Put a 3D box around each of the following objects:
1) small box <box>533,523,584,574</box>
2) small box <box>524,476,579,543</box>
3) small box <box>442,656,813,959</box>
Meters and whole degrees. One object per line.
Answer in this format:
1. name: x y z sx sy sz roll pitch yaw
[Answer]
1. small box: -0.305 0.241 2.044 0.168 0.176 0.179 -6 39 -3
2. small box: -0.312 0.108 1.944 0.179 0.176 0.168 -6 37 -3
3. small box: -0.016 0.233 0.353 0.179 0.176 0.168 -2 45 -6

◆ ◆ ◆ ◆ ◆ ◆ ◆

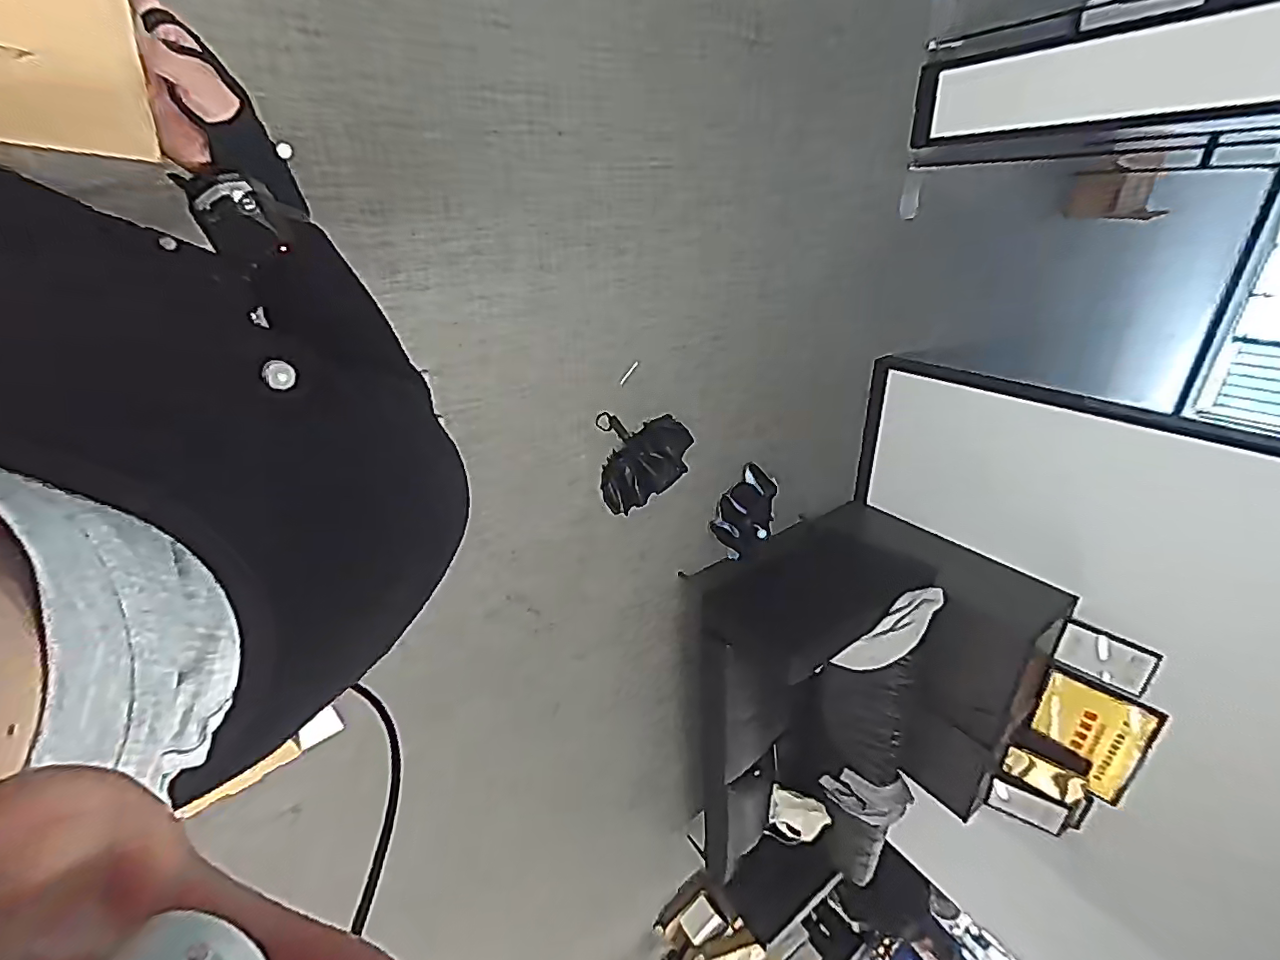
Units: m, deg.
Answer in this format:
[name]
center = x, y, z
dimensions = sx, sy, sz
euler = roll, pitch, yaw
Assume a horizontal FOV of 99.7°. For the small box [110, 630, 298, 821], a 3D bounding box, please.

◆ ◆ ◆ ◆ ◆ ◆ ◆

Return, from the material above, each line holding the string "pitch".

1. name: x y z sx sy sz roll pitch yaw
euler = roll, pitch, yaw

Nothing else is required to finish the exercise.